この排泄ケアシステム、2022年5月に全国向けにリリースされました。介護ロボット導入補助金を利用して半額補助を受けての購入が可能です。
遠隔監視やIoTセンサー、生体認証などで確固たる技術を持つNECプラットフォームズが、真面目に排泄ケアという最も「人間的」な部分のシステム化に取り組んでいるわけで、非常に面白い製品だと思いました。
2023年のケアテックスの展示会場でお尋ねした質問などを交えて製品のご紹介をします。
NECサニタリー利用記録システム
利用者の方の排泄周りの実態を正確に把握でき、排泄の記録を全自動化するシステムです。
排泄記録を手書きで行っている場合、利用者が介助コールを鳴らしてスタッフが介助に行かない限り、正確な排便の時間を記録することができません。排便の状態などの実態を把握することも難しいです。

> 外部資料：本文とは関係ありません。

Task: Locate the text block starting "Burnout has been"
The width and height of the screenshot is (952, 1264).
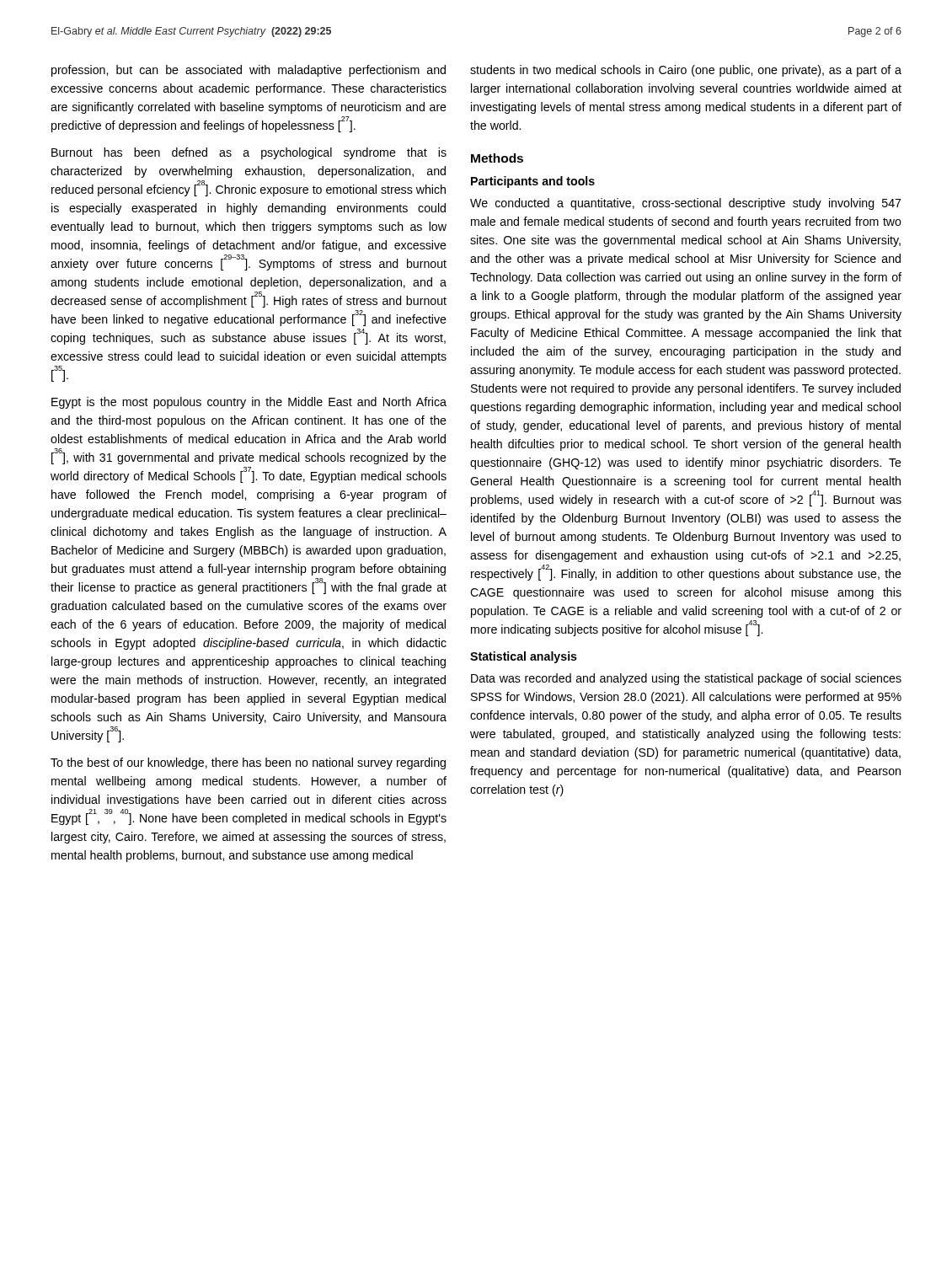Action: coord(249,264)

このシステムはセンサーとカメラを組み合わせた排泄検知ユニットを便器に取り付けることによって、これまで完全に把握できなかった排便のタイミングを正確に把握し、かつ記録を自動化することができるという優れものです。
具体的には、施設のトイレに排泄検知ユニット、センサーで検知した情報を送信する制御ボックス、個人識別センサーを取り付け、利用者の方がトイレに入ってから出るまでの記録を全て全自動で取ることができます。
このシステムのユニークなのは、光学センサーで尿や便の状態を取得し、制御ボックスの中の機械学習を用いたAIエンジンでそれを分析して、その結果を登録したユーザへ通知します。
光学センサーで一時取得したデータは分析後すぐに廃棄します。
便の色や状態は、これまでは、人の目視に頼っていましたが、人の目以上に詳細に記録できます。言うまでもなく便は健康のバロメーター、ケアの質やQOL向上が期待できるというわけです。
もう一つ見過ごせないのが利用者のプライバシーの確保と職員の方の負担感の軽減です。
これまでは、職員の方が、トイレ介助する時間を決めて定期的に利用者の方を訪室して、その都度に排泄の有無を本人に確認したりしなくてはいけませんでした。利用者の方もトイレに行きたくもないのにトイレに行かなくてはならない。
しかし、このシステムの場合、利用者の方がトイレに入ったタイミングがわかるので、そのタイミングで訪室すればよいわけです。定期的に部屋を訪れて、声掛けする必要がなくなる。
また、従来型の入退室の人感センサー等と異なり、個人用トイレだけではなくて共用トイレにおいても個人を識別することができます。個人毎に通知を設定することで、その利用者ごとに通知を鳴らし分け、本人に適した介助のタイミングの提供を実現できます。
利用者側も本当に必要な時だけ、来てくれたほうが助かるわけで、これは双方にとって見過ごせない大事なメリットだと思います。
さて、本当にこのようにシステムが動けば素晴らしいと思いますが、本当にこのように期待した通りに動くものなのでしょうか。その場で気づいたところをいくつか質問してみました。
NECサニタリー利用記録システム:Q&A
排泄検知ユニットにセンサーとカメラが付いているということですがカメラが便で汚れちゃったりした時はどうするのですか?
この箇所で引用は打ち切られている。